FORK PLAY May 21, 2013
Steal The Menu. ABC Cocina. Heidi's House. 83 ½. Cocina Economica. I Eat Unhappily So You Don't Have To. Use my Discount.
Dear Friends and Family,
Raymond Sokolov had a few great moments in his brief tenure as the restaurant critic replacing an exhausted and bored Craig Claiborne at The Times. Indeed, he gets the title for his new memoir "Steal the Menu" (Knopf $25.95) from Craig. That was the powerful founding critic's sole bit of advice to his replacement.
Granted, Sokolov was the first to write about Paul Bocuse and the Young Turks, the chefs who trained in the kitchen of Fernand Point and went on to shake up French culinary tradition with what came to be called Nouvelle Cuisine. I humbly followed his tracks in the truffle fields. (Read my "Out of the Cocoon," for memories of my first meal at Point.) Sokolov, an intellectual, after all, and a philologist, was never quite comfortable with his food editor role. But he had some fun. He launched his career with a review of a Chinese restaurant in a New Jersey gas station in May, 1971. He pricked pomp at La Grenouille, elevated Lutèce to Four Stars, then went on to review Army food and dog food. He wanted to do zoo food but his editor, Charl otte Curtis, suggested he start with pets. But it was four stars to a modest-looking Chinese restaurant called Hunam that did him in.
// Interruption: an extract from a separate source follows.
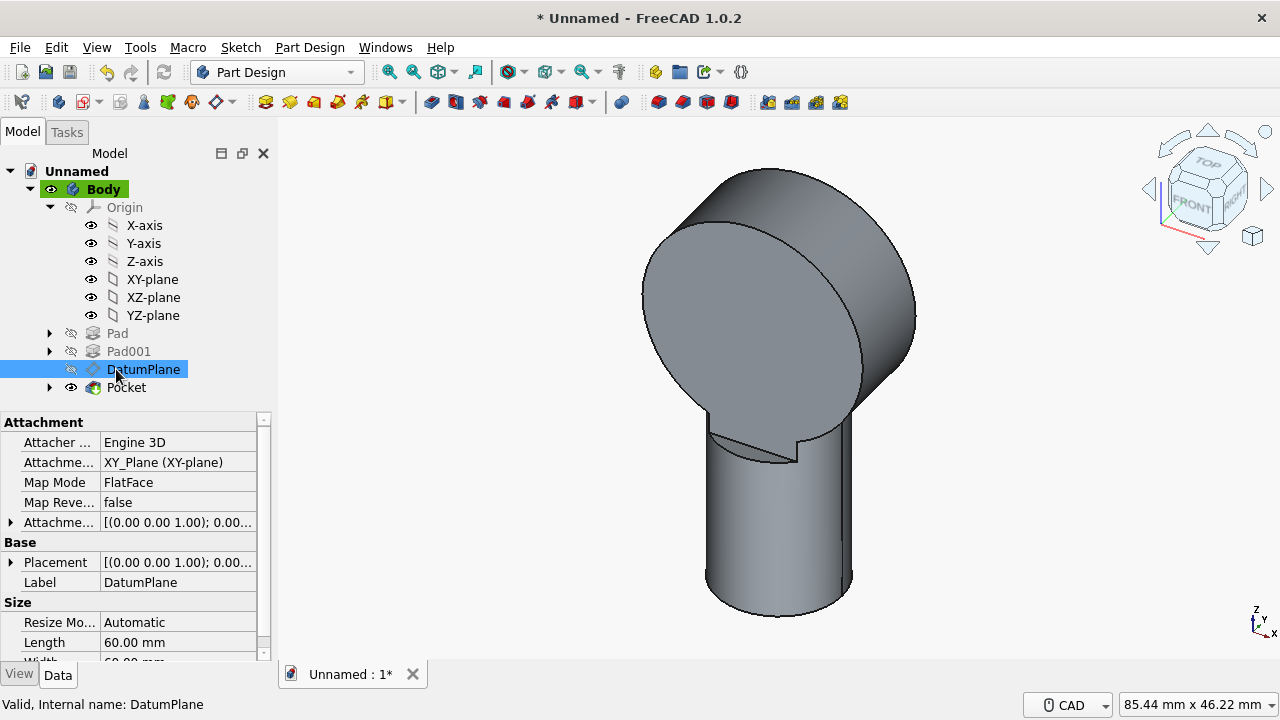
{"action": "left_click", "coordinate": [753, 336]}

Not long after the dog food review, it seems, The Times Abe Rosenthal called Sokolov in to announce: "It's not working out." There were rumors of a bribe at the time. I never believed them. I defended Sokolov. Surely if Chinese restaurants had money to toss around, I thought, wouldn't they have chased after me? As Ray tells it, the folks at Hunam heard the rumor too and thought they might have been amiss in not paying him off. They did, indeed, try to deliver cash, but Raymond's wife tossed it back into the car. If only the rest of his story were this much fun.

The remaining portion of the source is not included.